Sugli strumenti che usa la censura per impedire alle persone di esprimersi credevamo di averle viste tutte, ma non è così. E la delusione è ancora più forte se pensiamo che non bastano più neppure i software-rifugio come WhatsApp e Telegram per comunicare al riparo dello sguardo del Grande Fratello. La Electronic Frontier Foundation, da sempre impegnata sul fronte della difesa della privacy, denuncia l’ultima pratica della censura cinese: la richiesta di rimozione di software sicuri dal proprio telefono per potere monitorare l’uso che di essi viene fatto dai possessori.

Nella provincia dello Xinjiang alcuni residenti si sono visti interrompere improvvisamente il servizio telefonico e, dopo le ovvie proteste, sono stati invitati dai propri fornitori di telecomunicazione a rivolgersi alla polizia locale che, contattata, ha brutalmente dichiarato che erano stati scoperti a usare delle VPN, le reti private virtuali, o a scaricare software per la messaggistica sicura. Per riavere la connettività i cittadini avrebbero dovuto rimuovere i software in questione.

Lo Xinjiang, casa della minoranza musulmana Uigura era già nota come laboratorio avanzato della repressione statuale anche su Internet, una repressione che aveva portato in carcere blogger e giornalisti. Nel 2009 le autorità cinesi erano arrivate a isolare tecnicamente una porzione molto vasta di questo territorio per impedire le comunicazioni tagliando fuori dalla rete sei milioni di utenti Internet con un “provvedimento di interruzione delle reti” (kill switch).

Negli anni, per aggirare la muraglia virtuale cinese, i cittadini avevano cominciato a usare vari strumenti per aggirare la censura, come lo scambio di penne Usb o di cd-rom, e poi, con la diffusione degli smartphone erano approdati a software come Telegram e WhatsApp. Adesso non possono più farlo.

Insomma al peggio non c’è mai fine. Se questi fatti testimoniano l’enorme capacità di sorveglianza degli organi cinesi di polizia, non si era mai arrivati a censurare dei software al posto degli specifici contenuti della comunicazione fatta con quei software. E questo in assenza di prove di un loro uso illegittimo.

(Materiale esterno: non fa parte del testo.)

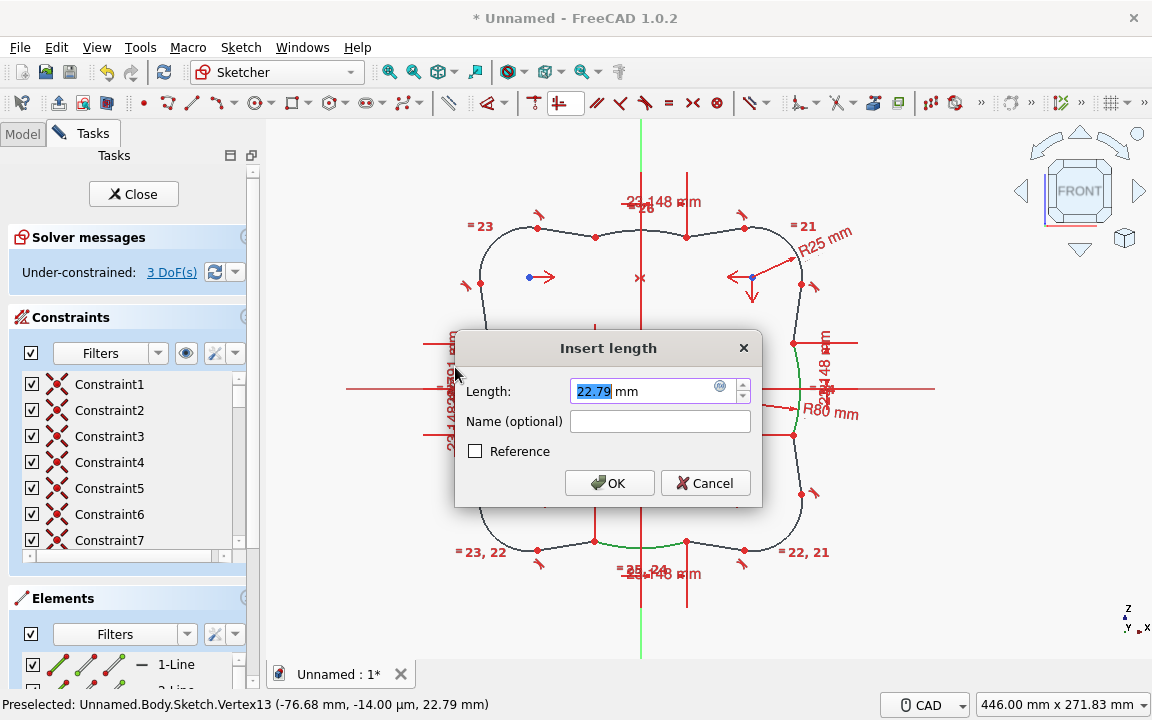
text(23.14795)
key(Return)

Ma il fatto più grave è che adesso la polizia arriva a chiedere di visionare i telefonini durante le ispezioni ai posti di blocco autostradali e, se ci trovano un software di anonimizzazione o di cifratura, lo possono anche sequestrare. Ma solo se sei di etnia Uigura, perché questo fa del proprietario un soggetto doppiamente pericoloso: potenzialmente sovversivo per ragioni etniche, sicuramente criminale perché usa Skype o WhatsApp.

Secondo la EFF, quindi, alla censura cinese non bastano più le backdoor nei software di uso comune e nei sistemi operativi nazionali, e non basta neppure mettere fuorilegge la crittografia, adesso vogliono impedire il possesso di software d’uso generico, a pure di scaricarlo dalla rete. E avverte, la pratica potrebbe presto estendersi a tutti i cinesi.

Reporters Sans Frontieres ha appena pubblicato il World Press Freedom Index. Il rapporto vede la Cina in fondo alla classifica della libertà di stampa e d’informazione, al 176esimo posto su 180 paesi monitorati, prima solo di Siria, Turkmenistan, Corea ed Eitrea.